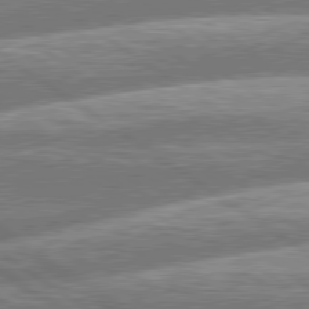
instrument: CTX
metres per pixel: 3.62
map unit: lApd
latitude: 79.7639
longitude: -159.2726
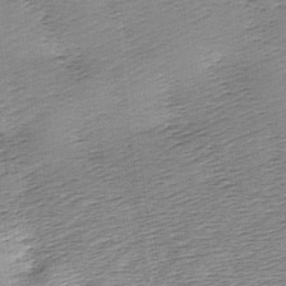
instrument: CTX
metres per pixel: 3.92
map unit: lAa
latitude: -2.9163
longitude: -126.6491
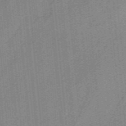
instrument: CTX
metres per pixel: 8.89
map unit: HNb
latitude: -38.6897
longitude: 53.8422
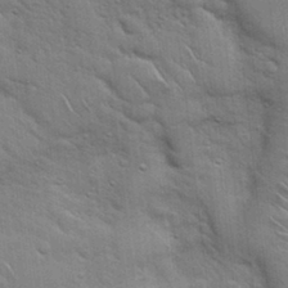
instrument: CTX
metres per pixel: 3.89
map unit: Hto
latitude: 18.5168
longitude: -51.9150
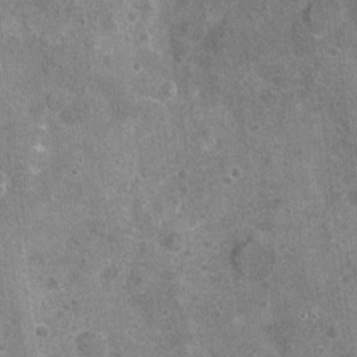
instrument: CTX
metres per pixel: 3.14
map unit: Nhu
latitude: -16.9164
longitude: -56.1766
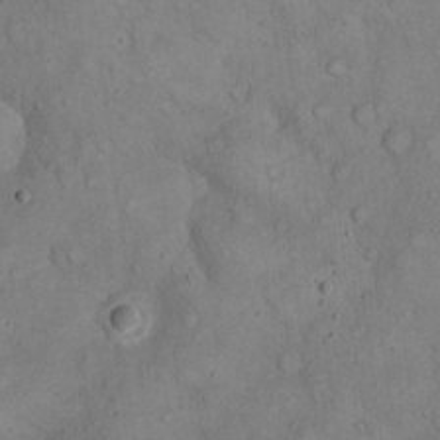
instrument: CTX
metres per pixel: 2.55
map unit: eHh
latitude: 20.3090
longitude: -59.7261
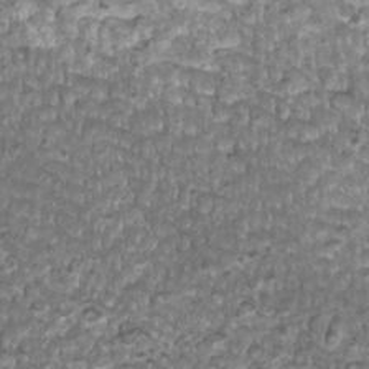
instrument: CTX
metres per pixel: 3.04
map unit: Htu
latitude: 3.3481
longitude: -20.9892
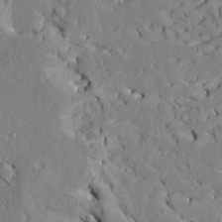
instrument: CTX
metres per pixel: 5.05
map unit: Aa
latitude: 8.9703
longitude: -134.3656
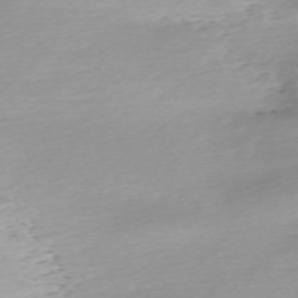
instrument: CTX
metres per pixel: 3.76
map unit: Nhu
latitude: -67.7666
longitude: 39.6911
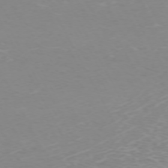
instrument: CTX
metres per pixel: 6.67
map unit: Hpe
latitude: -71.8045
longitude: 12.2362
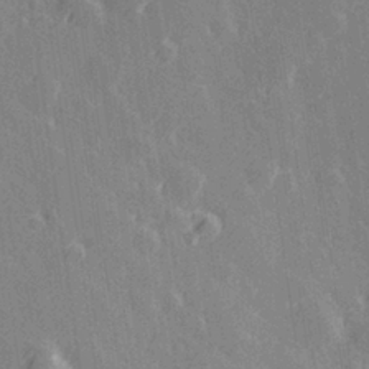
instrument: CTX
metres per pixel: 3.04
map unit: Hve
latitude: 27.4238
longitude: 145.7100
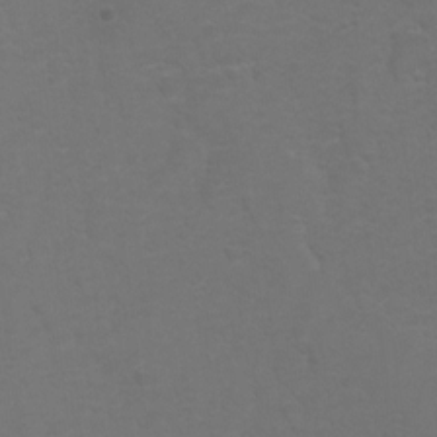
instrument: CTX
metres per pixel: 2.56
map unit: Hto
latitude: 5.9717
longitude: -30.9325
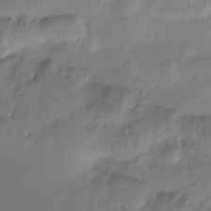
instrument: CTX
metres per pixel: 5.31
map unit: Htu
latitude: -15.1431
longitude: -45.5560
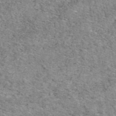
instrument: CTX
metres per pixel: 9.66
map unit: eAb
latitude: 49.5560
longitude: 114.7274
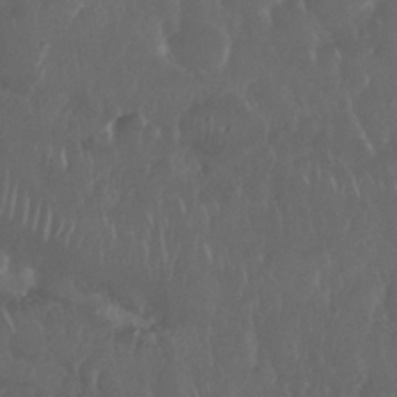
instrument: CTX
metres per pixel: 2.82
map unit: Nhu
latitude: 29.4237
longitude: -56.8946
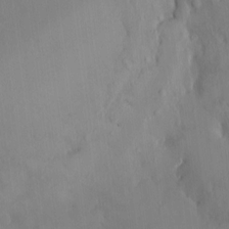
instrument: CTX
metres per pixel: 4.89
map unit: HNhu
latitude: 6.3656
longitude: 0.7086
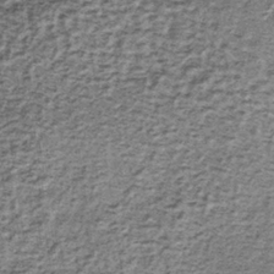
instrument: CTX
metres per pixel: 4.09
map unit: lHb
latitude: -37.2376
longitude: 65.2565
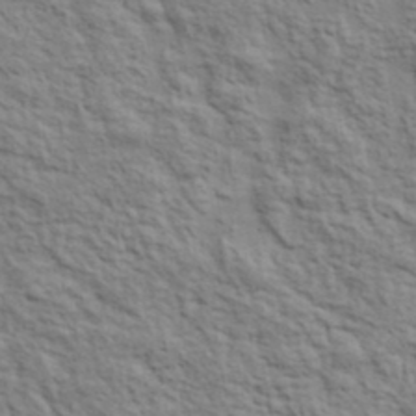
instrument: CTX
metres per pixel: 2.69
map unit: lHvf
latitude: 38.7813
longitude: -89.3104
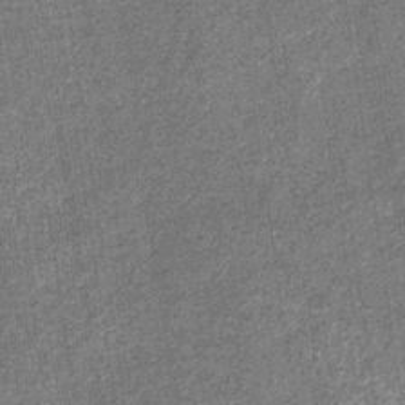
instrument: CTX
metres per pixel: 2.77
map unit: eHb
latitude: -30.9164
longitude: 70.7463
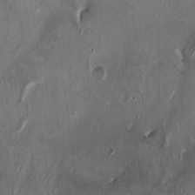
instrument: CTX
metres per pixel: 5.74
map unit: HNhu
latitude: 1.6694
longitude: -4.2333
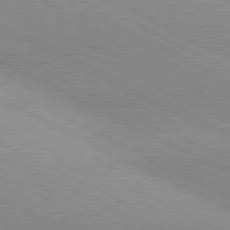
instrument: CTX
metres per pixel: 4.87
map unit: lApd
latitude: 80.8758
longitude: 134.1039
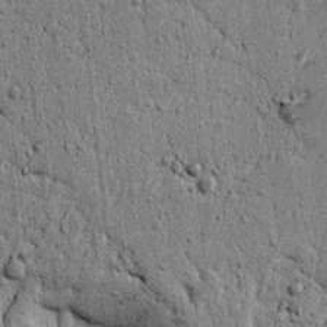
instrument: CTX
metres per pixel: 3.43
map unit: lAvf
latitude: 5.6127
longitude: 165.1431
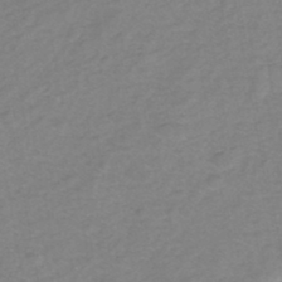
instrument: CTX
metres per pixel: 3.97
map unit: eHh
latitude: -45.9556
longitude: -29.7260
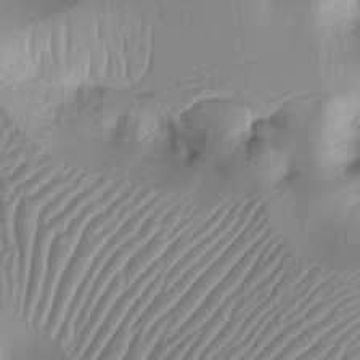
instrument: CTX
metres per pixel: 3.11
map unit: Nhu
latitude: 14.5357
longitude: -78.6491
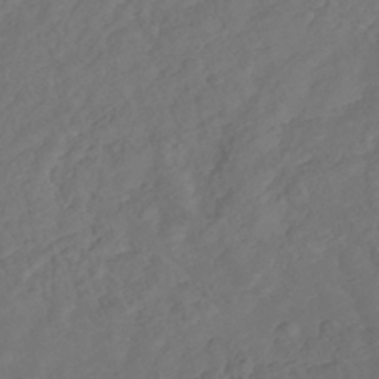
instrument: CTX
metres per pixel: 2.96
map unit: Nhe
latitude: -41.8422
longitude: -112.0255
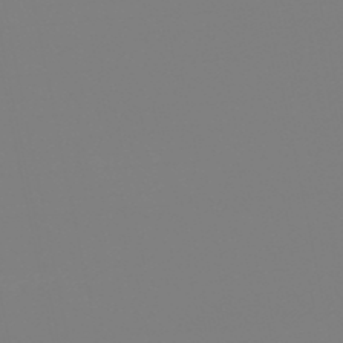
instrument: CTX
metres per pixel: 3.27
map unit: eHb
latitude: -49.6722
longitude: 85.1242
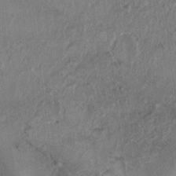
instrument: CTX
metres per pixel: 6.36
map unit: Nhu
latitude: 6.5735
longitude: -20.3467
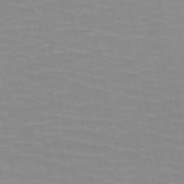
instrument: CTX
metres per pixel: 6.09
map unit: HNb
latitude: -48.1984
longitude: -46.3657
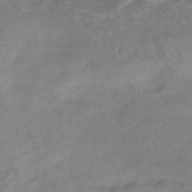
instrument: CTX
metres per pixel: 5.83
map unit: HNhu
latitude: -43.5777
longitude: 89.6155
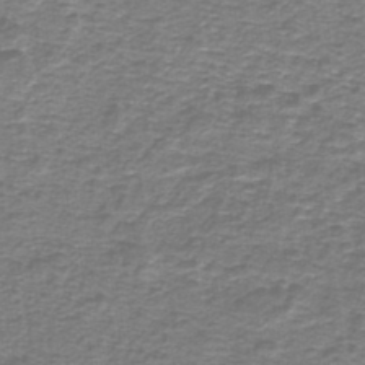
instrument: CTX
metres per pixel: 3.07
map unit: lHb
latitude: -41.6533
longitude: 55.2187
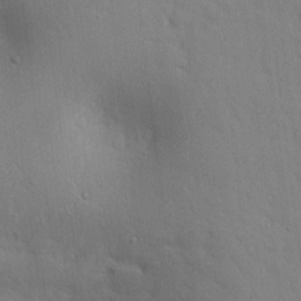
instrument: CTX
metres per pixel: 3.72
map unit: lAvf
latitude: 9.7072
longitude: 168.2361
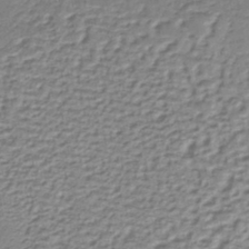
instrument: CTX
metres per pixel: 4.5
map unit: lHb
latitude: -36.6329
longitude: 58.4817
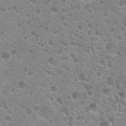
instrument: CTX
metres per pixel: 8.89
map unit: Hto
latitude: 22.8380
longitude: -50.3467
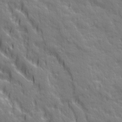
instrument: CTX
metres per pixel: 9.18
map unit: Ave
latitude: 20.2712
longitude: -134.5168
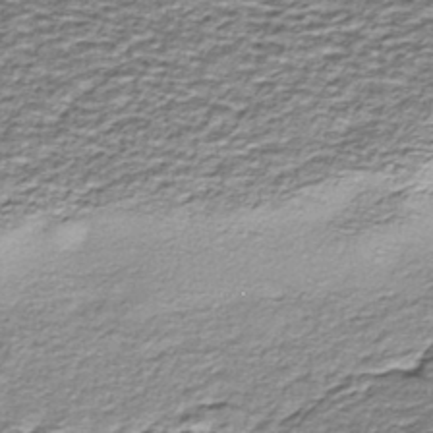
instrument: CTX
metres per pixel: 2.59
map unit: eHh
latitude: -43.1053
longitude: 117.1242
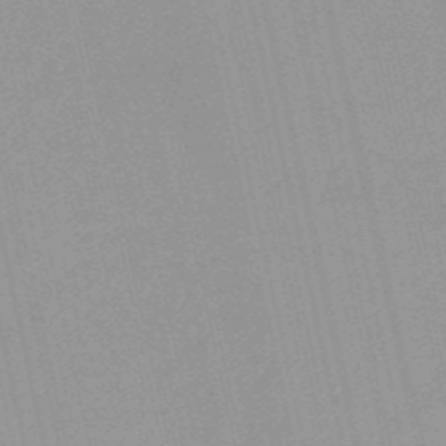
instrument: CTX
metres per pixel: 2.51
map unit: HNb
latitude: -52.1605
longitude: -50.9891
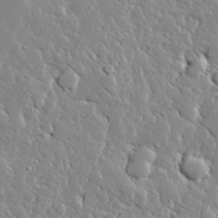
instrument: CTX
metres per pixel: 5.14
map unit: lHvf
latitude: 32.6490
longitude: -92.8758
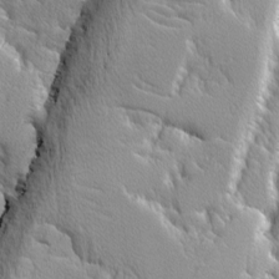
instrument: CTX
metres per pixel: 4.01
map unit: Ave
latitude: -9.9178
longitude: -117.6127
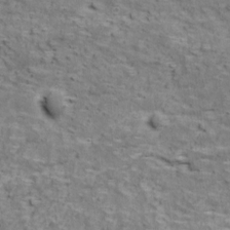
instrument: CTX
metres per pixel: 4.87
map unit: Ave
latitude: 18.2144
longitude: -134.0633
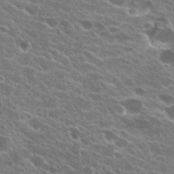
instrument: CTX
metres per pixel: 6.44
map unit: Hto
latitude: 24.1388
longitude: -38.9514
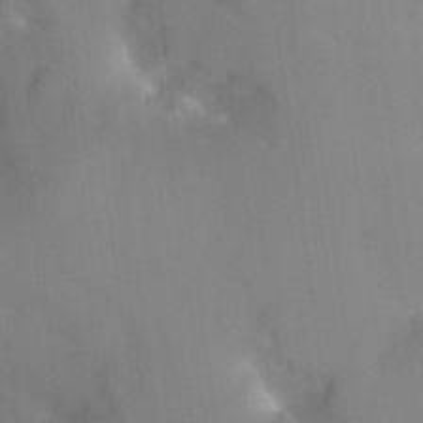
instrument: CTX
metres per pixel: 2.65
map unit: Nhu
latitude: 26.3656
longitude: -55.5560
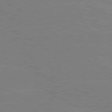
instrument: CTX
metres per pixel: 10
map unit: lApd
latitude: 80.4601
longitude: -127.4804
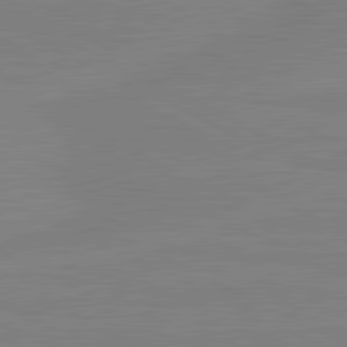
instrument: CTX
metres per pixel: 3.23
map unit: lApd
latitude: 81.4426
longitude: -176.7435
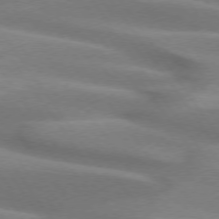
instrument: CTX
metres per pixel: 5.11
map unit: lApd
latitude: 74.4034
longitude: -49.4237
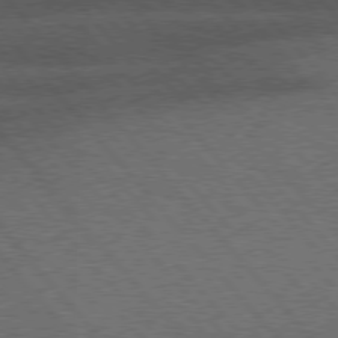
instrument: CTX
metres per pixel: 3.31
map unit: Hpe
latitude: 76.7813
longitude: -157.0836
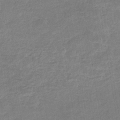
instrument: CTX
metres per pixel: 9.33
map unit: eHb
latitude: -35.6911
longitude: 77.7667
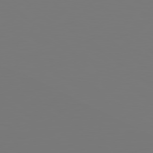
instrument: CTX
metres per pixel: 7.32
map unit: lApd
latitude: 79.1781
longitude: -175.7261
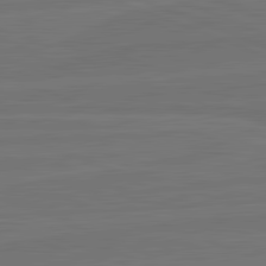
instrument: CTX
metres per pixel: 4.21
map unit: lApd
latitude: 82.3656
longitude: -179.2348
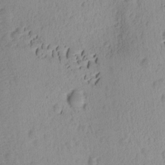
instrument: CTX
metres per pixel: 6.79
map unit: Ave
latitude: -9.1998
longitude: -121.6694
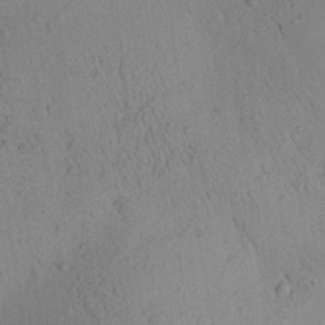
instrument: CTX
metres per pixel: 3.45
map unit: Aa
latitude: 24.3845
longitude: -144.5546
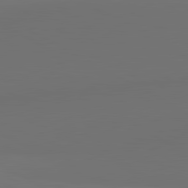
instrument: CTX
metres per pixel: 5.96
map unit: lApd
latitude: 81.6694
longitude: 152.7274
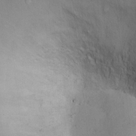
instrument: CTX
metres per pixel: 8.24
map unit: Ht
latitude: 12.6869
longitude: -40.5545
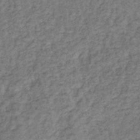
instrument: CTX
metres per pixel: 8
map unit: eHb
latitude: -39.5588
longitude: 76.5196
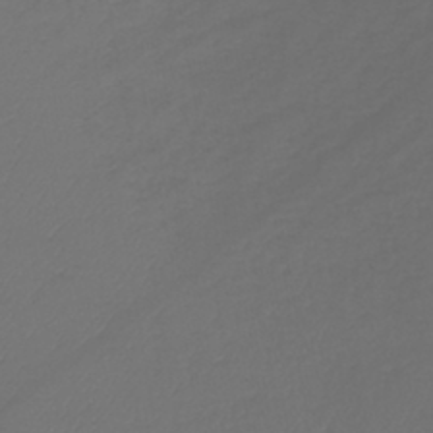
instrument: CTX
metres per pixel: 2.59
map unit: lHb
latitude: -42.9919
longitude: 76.9542
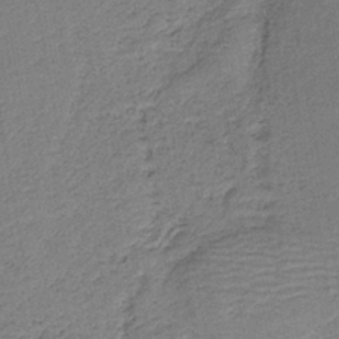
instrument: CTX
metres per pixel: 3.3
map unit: HNb
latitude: -42.0472
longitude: 51.1053
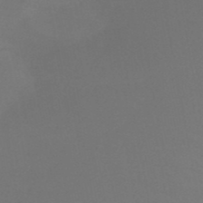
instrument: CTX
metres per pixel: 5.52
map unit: HNb
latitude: -50.8219
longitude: -44.2711
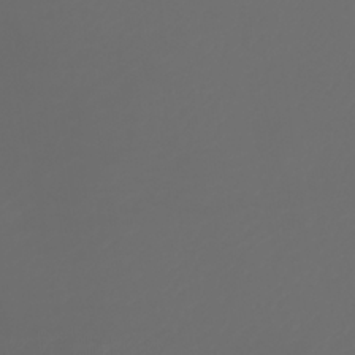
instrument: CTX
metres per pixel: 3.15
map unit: Htu
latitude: -6.6140
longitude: -74.1389
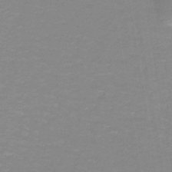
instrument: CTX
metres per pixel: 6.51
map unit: lHb
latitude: -41.1620
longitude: 56.5385
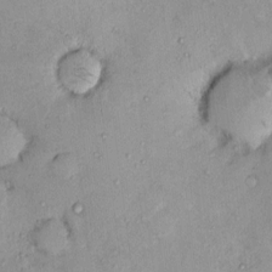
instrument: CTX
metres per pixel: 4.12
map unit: eHh
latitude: -0.0850
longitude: 16.7841

• • • • •

**Task instructions:** From the records above, copy exactly the lines starting at the one with "longitude: -46.3657" and ending at the one with "latitude: 9.7072", and no others. Pictures stay out.

**Answer to this problem:**
longitude: -46.3657
instrument: CTX
metres per pixel: 5.83
map unit: HNhu
latitude: -43.5777
longitude: 89.6155
instrument: CTX
metres per pixel: 3.07
map unit: lHb
latitude: -41.6533
longitude: 55.2187
instrument: CTX
metres per pixel: 3.72
map unit: lAvf
latitude: 9.7072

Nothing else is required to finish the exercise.